Is it safe to leave personal items in your bedroom on a Superliner?


----------



## pennyk (Oct 19, 2022)

It may depend on what you mean by personal items. I would not leave expensive jewlery or cash in my bedroom. 
When I travel and I leave my room, I close the door and the curtain and do not leave any electronics out where they would be visible. I always take my cell phone and purse with me when I leave my room and I do not wear expensive jewlery.


----------



## Ryan (Oct 19, 2022)

If your door is shut and the curtains closed, a would be their has no way to tell if the room is occupied. I usually just keep camera/scanner laptop in a closed bag out of the way and don’t worry too much.


----------



## zephyr17 (Oct 19, 2022)

Put your stuff out of immediate sight, close curtains, shut door and you'll be fine.

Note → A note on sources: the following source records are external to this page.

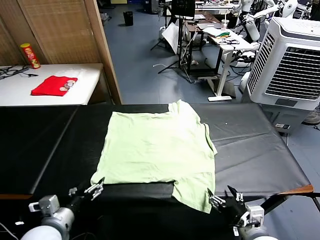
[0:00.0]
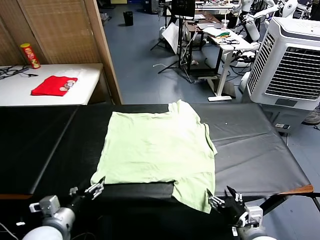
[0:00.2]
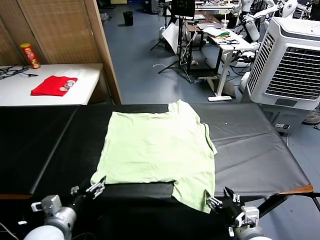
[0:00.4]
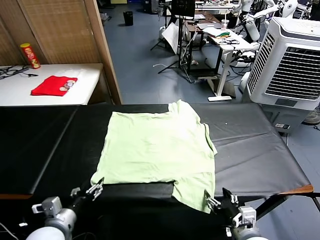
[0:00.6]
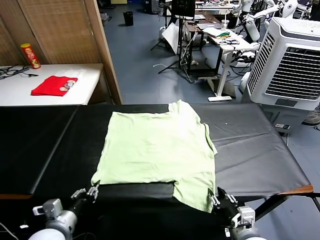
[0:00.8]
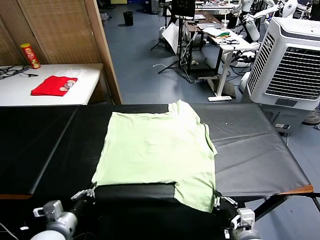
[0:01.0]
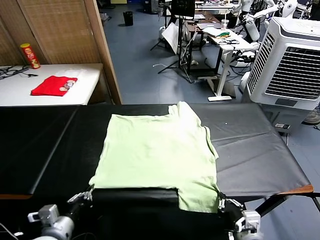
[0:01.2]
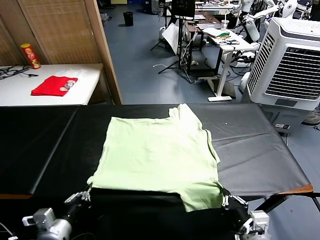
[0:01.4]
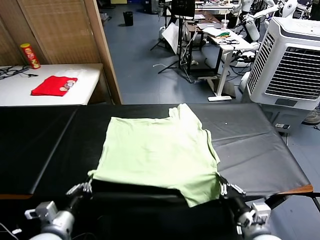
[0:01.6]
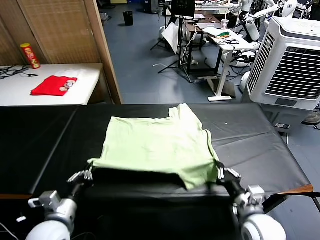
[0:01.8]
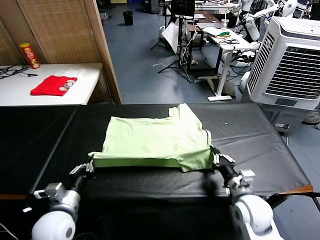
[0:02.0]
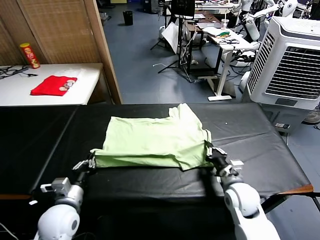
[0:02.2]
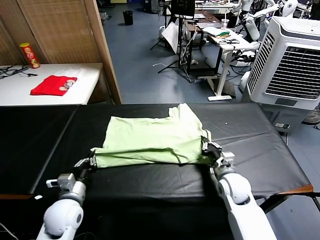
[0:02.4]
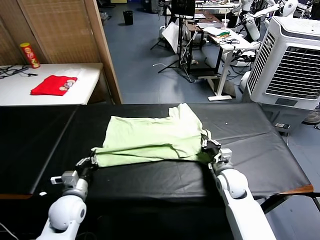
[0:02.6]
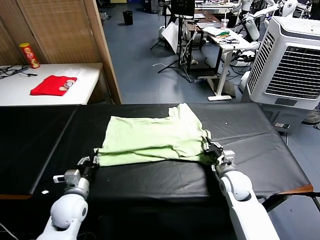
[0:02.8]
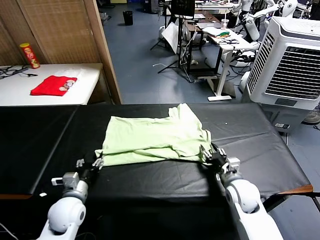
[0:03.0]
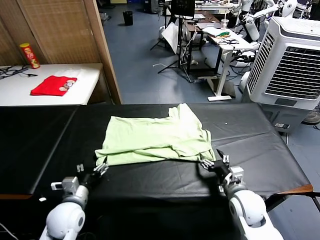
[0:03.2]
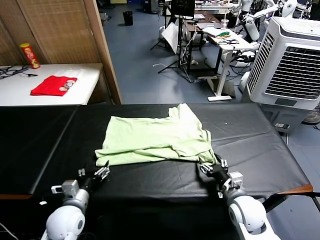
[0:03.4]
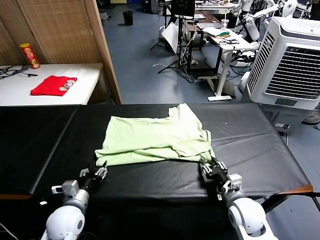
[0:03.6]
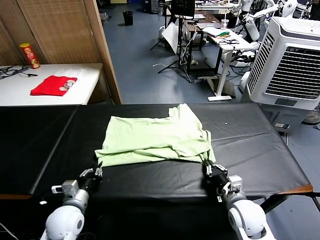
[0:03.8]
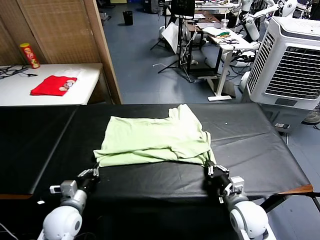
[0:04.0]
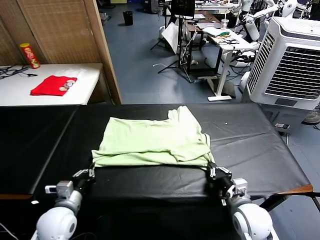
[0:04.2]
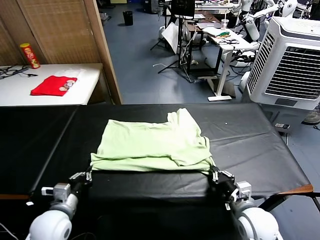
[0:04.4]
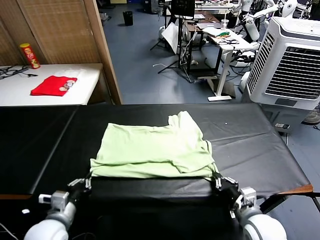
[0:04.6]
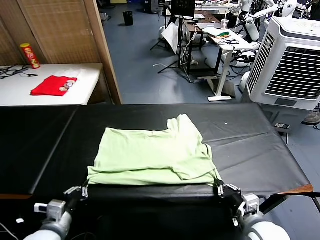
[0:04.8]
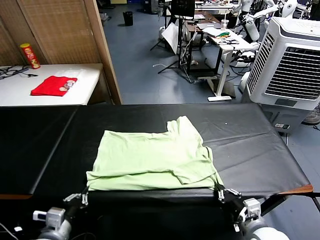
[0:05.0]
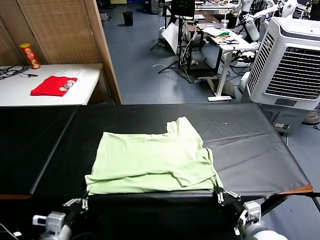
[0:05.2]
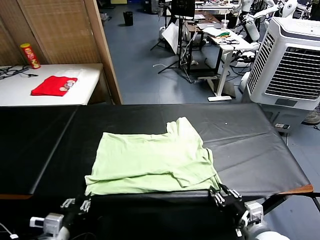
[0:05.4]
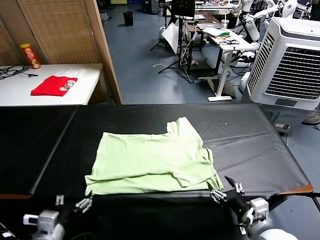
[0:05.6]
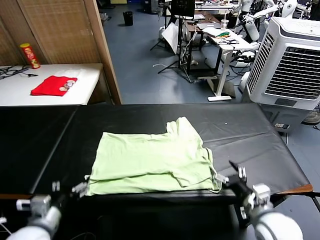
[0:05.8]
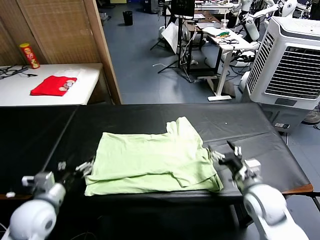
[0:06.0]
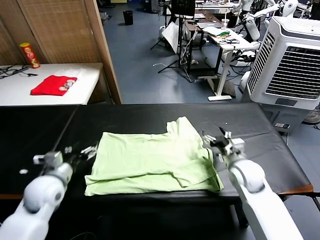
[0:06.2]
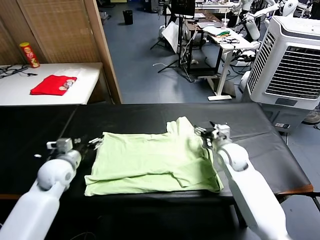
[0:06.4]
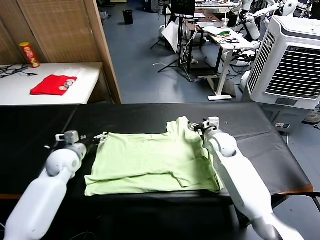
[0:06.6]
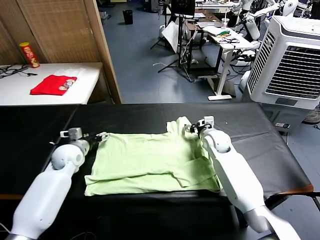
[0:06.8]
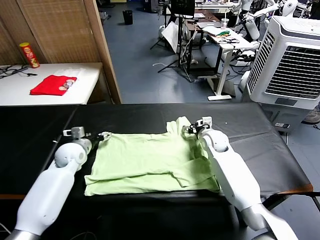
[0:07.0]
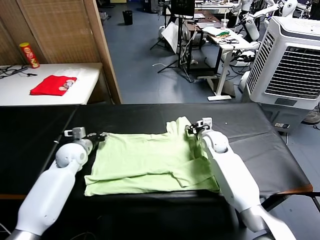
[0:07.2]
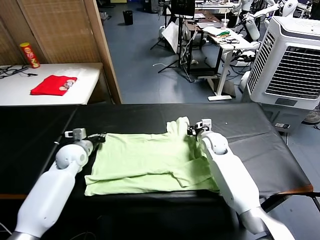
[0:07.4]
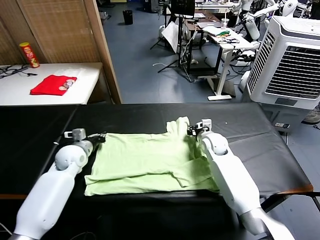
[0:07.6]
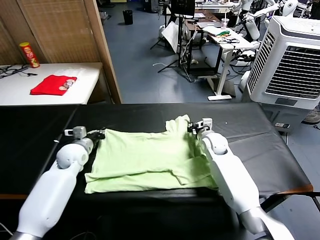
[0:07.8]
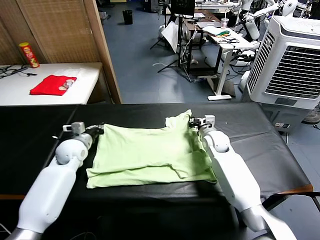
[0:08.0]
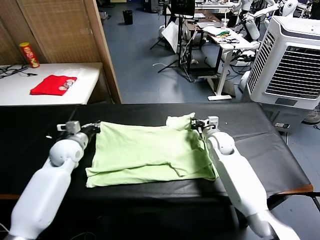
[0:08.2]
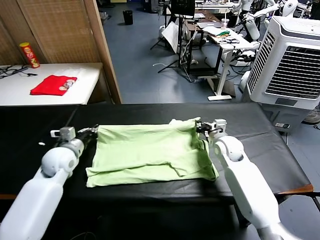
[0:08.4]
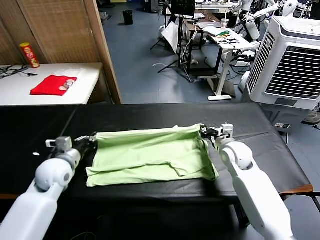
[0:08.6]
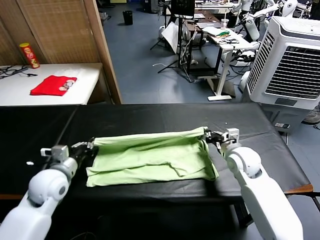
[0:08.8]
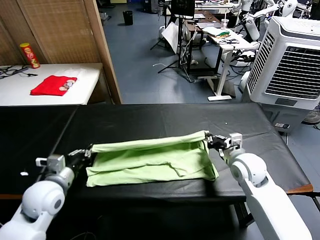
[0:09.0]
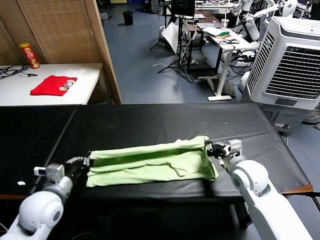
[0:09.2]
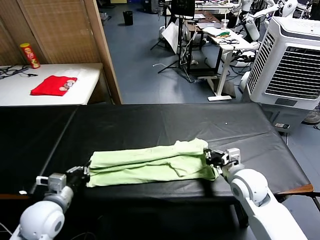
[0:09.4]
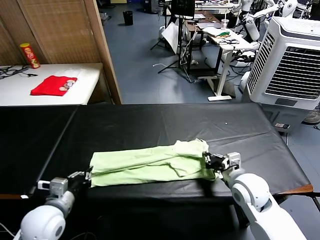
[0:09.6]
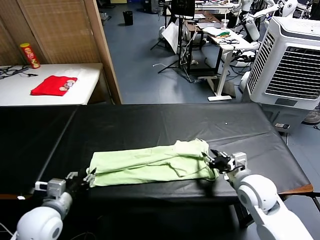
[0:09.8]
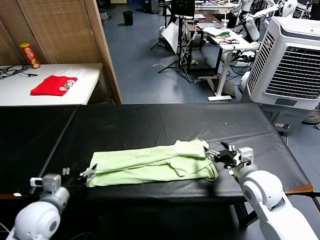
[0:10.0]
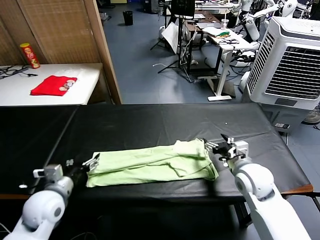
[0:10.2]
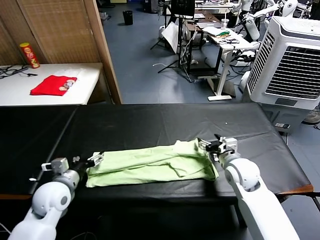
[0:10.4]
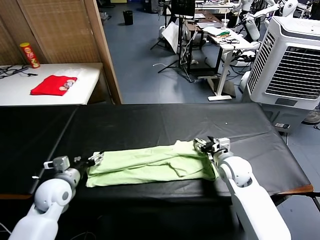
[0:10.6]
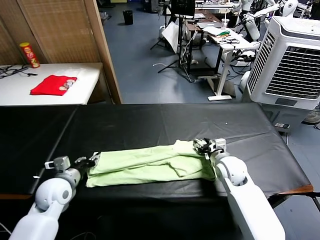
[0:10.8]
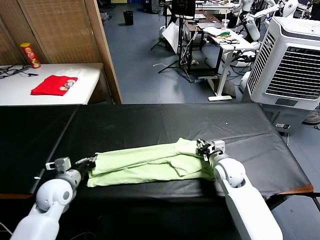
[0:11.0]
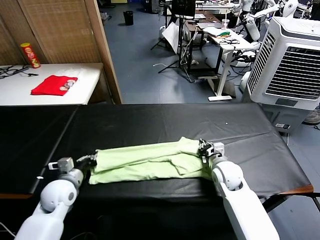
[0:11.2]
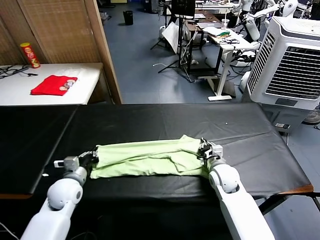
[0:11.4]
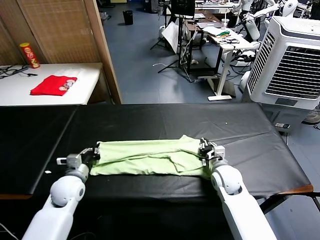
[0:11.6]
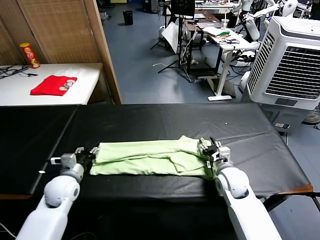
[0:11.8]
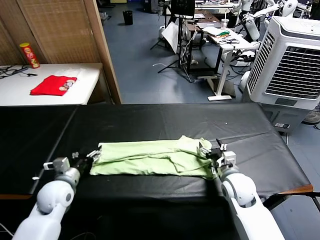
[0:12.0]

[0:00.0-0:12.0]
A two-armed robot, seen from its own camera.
Task of the whole recording: fold and organize the clothes.
Step, 0:00.0 to 0:01.0: use both grippers simultaneously to clamp the lower edge of the clothing fabric.
Step, 0:01.2 to 0:02.8: use both grippers to drag the lower edge of the fabric forward and fold it over the upper edge.
Step, 0:03.0 to 0:05.4: Drag the clothes downward with both gripper.
Step, 0:05.8 to 0:07.4: use both grippers simultaneously to clamp the upper edge of the clothing fabric.
Step, 0:07.6 to 0:09.8: use both grippers to drag the upper edge of the fabric backward and fold it over the lower edge.
0:01.6 to 0:03.0: The right gripper travels forward by approximately 10 cm, and opens up; the left gripper heads forward and downward, covering about 10 cm, and opens its fingers.
0:03.0 to 0:04.4: The left gripper moves approximately 5 cm, and closes. Meanwhile the right gripper travels backward by about 10 cm, and closes up.
0:04.4 to 0:06.0: The left gripper shifts some 5 cm upward, goes backward and returns, roughly 10 cm each way, and opens; the right gripper goes approximately 15 cm forward, and opens up.
0:06.0 to 0:07.6: Both grippers travel together forward, approximately 20 cm. The left gripper closes. The right gripper closes up.
0:07.6 to 0:09.0: The right gripper moves backward, upward and to the right, roughly 20 cm; the left gripper shifts about 15 cm backward.
0:09.0 to 0:10.4: The left gripper goes backward and returns, some 5 cm each way, and opens up. The right gripper moves about 5 cm backward and comes back, and opens up.
0:10.4 to 0:12.0: The right gripper moves about 5 cm, and closes, then opens again; the left gripper closes and opens again.

Been riding since Superliners were introduced, mostly in roomettes, with no issues.


----------



## Rasputin (Oct 19, 2022)

I agree with the previous responses. I try to close the curtain and the door when I leave the room and keep things of value out of sight. We have never had a problem. Sometimes closing the door doesn't always work because doors often slide open and do not stay closed 

The only problem I ever had was when I was a coach passenger in 1972 on an overnight trip on the Floridian. Before I went to the lounge car in the evening I placed my camera bag on my seat and to hide it I placed my Woolwich jacket over it. When I returned the jacket was gone but the camera bag and contents were fine. I figured the person who took the jacket must have needed it far more than I did.


----------